- DIRECTIONS -
Extract the opening line of the entries and every line after it, stopping at and including the line that contains "Page size: 1241x1754.". Do not include pictures.

- DATA SUPPLIED -
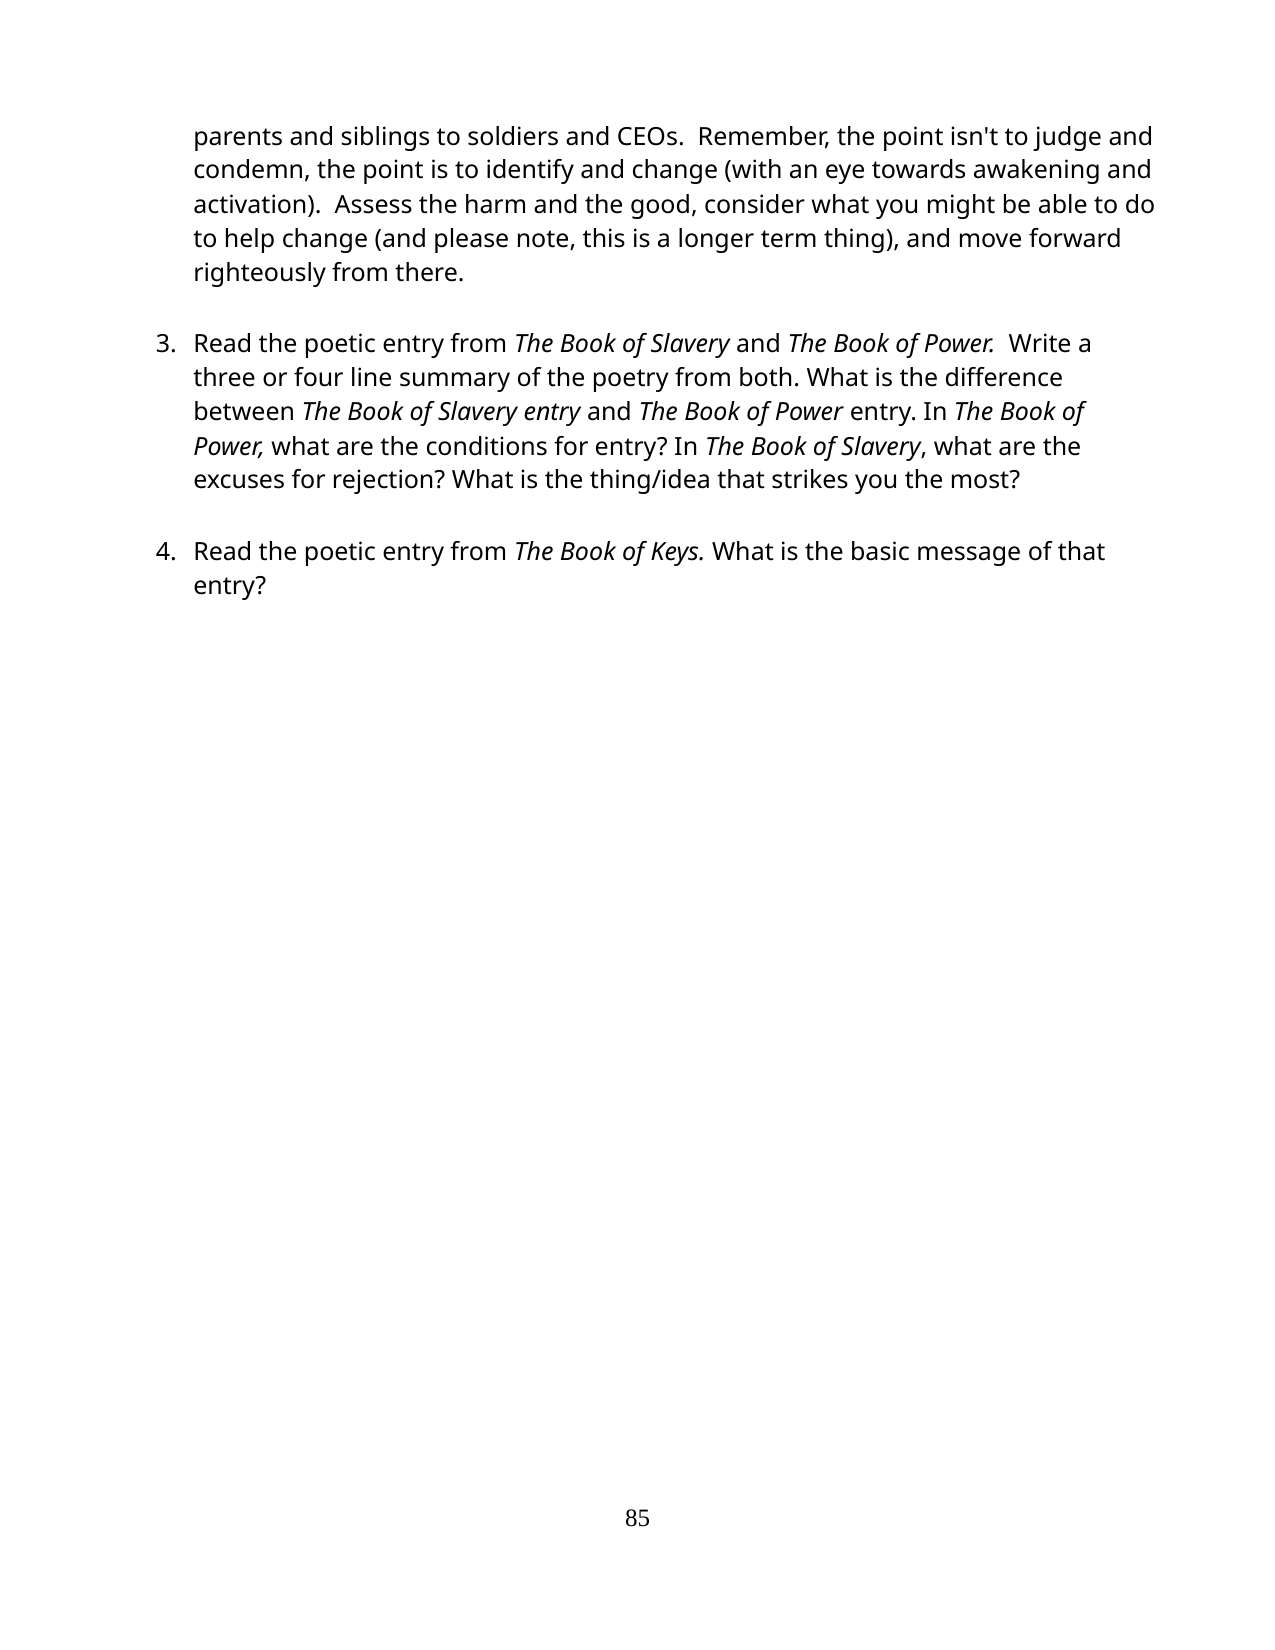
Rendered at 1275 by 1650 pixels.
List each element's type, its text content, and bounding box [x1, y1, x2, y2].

list Read the poetic entry from The Book of Slavery and The Book of Power. Write a three or four line summary of the poetry from both. What is the difference between The Book of Slavery entry and The Book of Power entry. In The Book of Power, what are the conditions for entry? In The Book of Slavery, what are the excuses for rejection? What is the thing/idea that strikes you the most? [156, 326, 1157, 496]
list parents and siblings to soldiers and CEOs. Remember, the point isn't to judge and condemn, the point is to identify and change (with an eye towards awakening and activation). Assess the harm and the good, consider what you might be able to do to help change (and please note, this is a longer term thing), and move forward righteously from there. [156, 118, 1157, 288]
list Read the poetic entry from The Book of Keys. What is the basic message of that entry? [156, 534, 1157, 602]
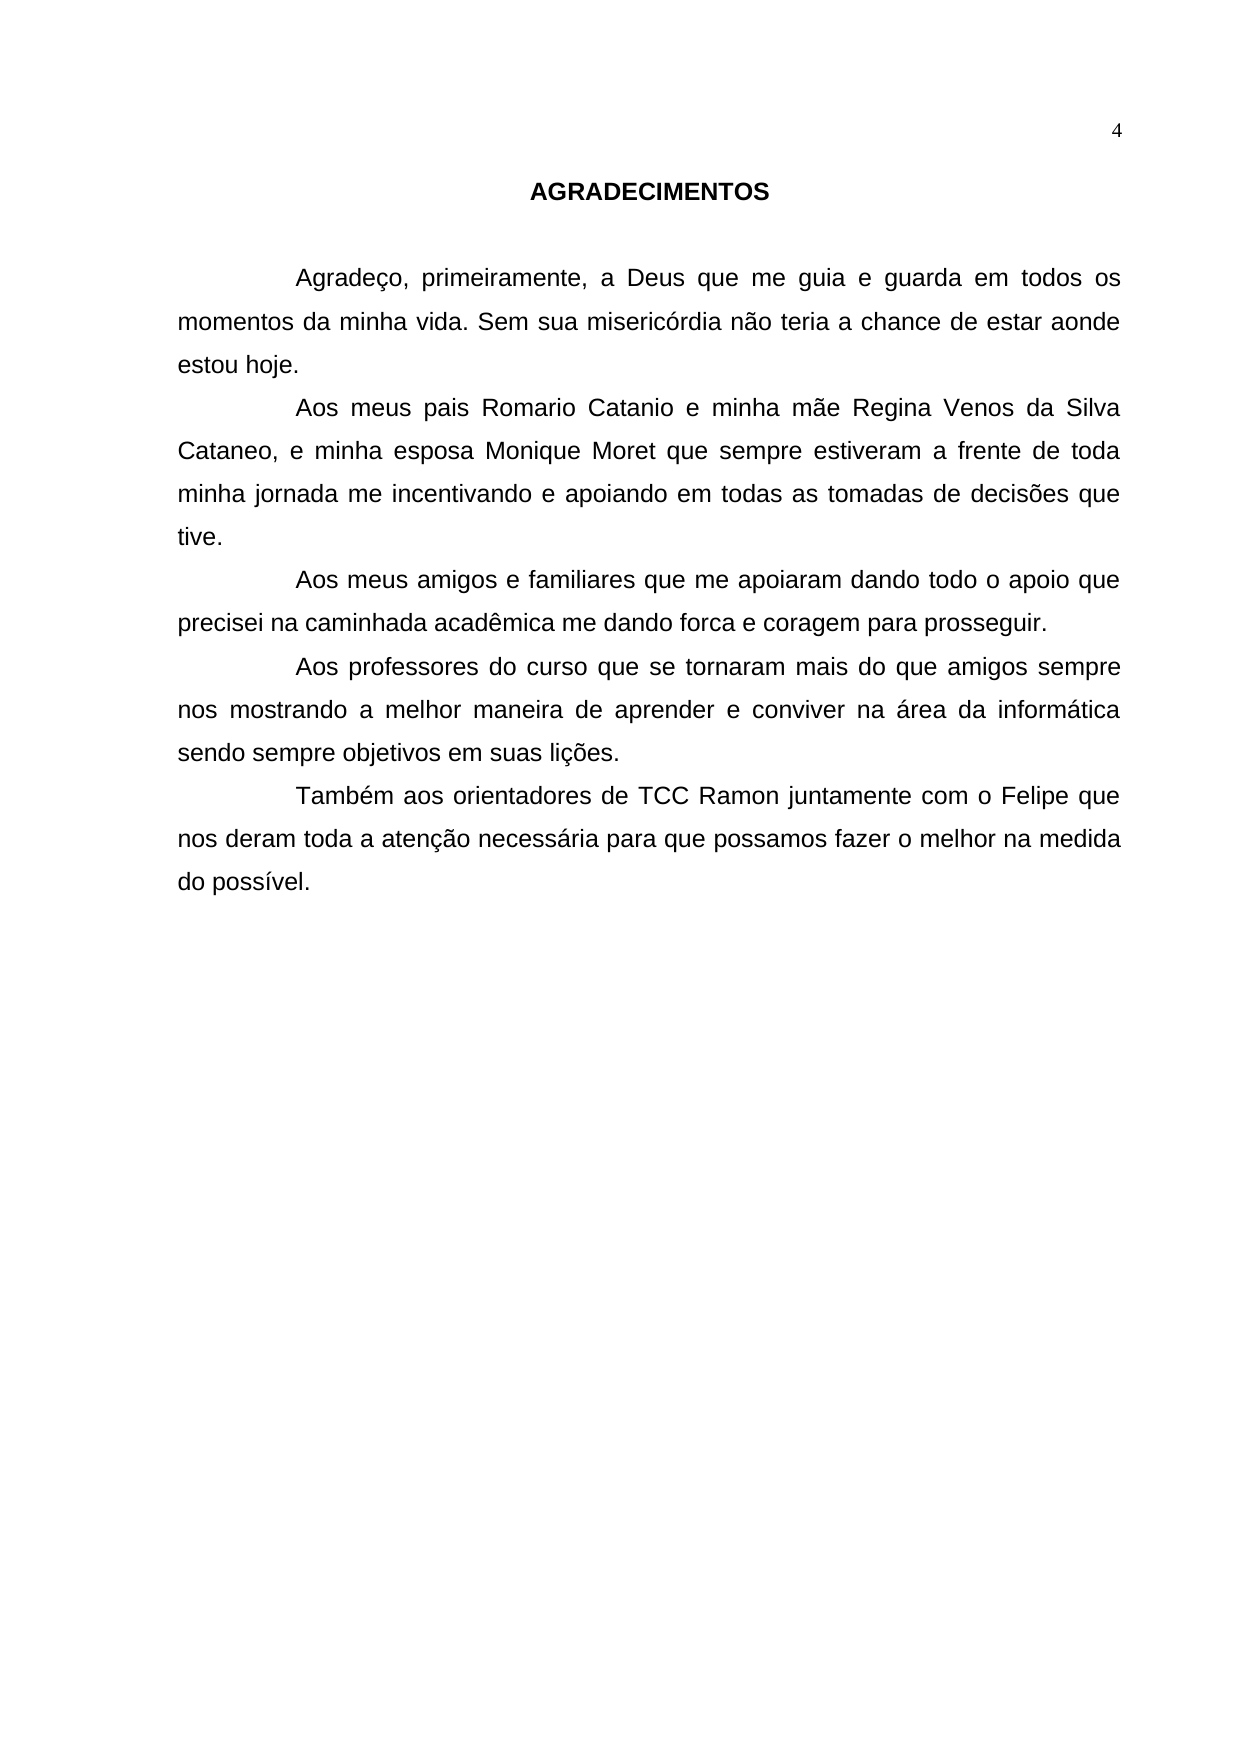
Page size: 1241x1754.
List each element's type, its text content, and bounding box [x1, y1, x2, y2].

text AGRADECIMENTOS [177, 177, 1122, 206]
text Aos meus amigos e familiares que me apoiaram dando todo o apoio que precisei na caminhada acadêmica me dando forca e coragem para prosseguir. [177, 565, 1122, 637]
text Aos professores do curso que se tornaram mais do que amigos sempre nos mostrando a melhor maneira de aprender e conviver na área da informática sendo sempre objetivos em suas lições. [177, 652, 1122, 767]
text Aos meus pais Romario Catanio e minha mãe Regina Venos da Silva Cataneo, e minha esposa Monique Moret que sempre estiveram a frente de toda minha jornada me incentivando e apoiando em todas as tomadas de decisões que tive. [177, 393, 1122, 551]
text Também aos orientadores de TCC Ramon juntamente com o Felipe que nos deram toda a atenção necessária para que possamos fazer o melhor na medida do possível. [177, 781, 1122, 896]
text Agradeço, primeiramente, a Deus que me guia e guarda em todos os momentos da minha vida. Sem sua misericórdia não teria a chance de estar aonde estou hoje. [177, 263, 1122, 378]

- SOLVED EXERCISE -
Rendered at 1275 by 1650 pixels.
List each element's type, its text content, and bounding box [x1, y1, x2, y2].

list Read the poetic entry from The Book of Slavery and The Book of Power. Write a three or four line summary of the poetry from both. What is the difference between The Book of Slavery entry and The Book of Power entry. In The Book of Power, what are the conditions for entry? In The Book of Slavery, what are the excuses for rejection? What is the thing/idea that strikes you the most? [156, 326, 1157, 496]
list parents and siblings to soldiers and CEOs. Remember, the point isn't to judge and condemn, the point is to identify and change (with an eye towards awakening and activation). Assess the harm and the good, consider what you might be able to do to help change (and please note, this is a longer term thing), and move forward righteously from there. [156, 118, 1157, 288]
list Read the poetic entry from The Book of Keys. What is the basic message of that entry? [156, 534, 1157, 602]
Page size: 1241x1754.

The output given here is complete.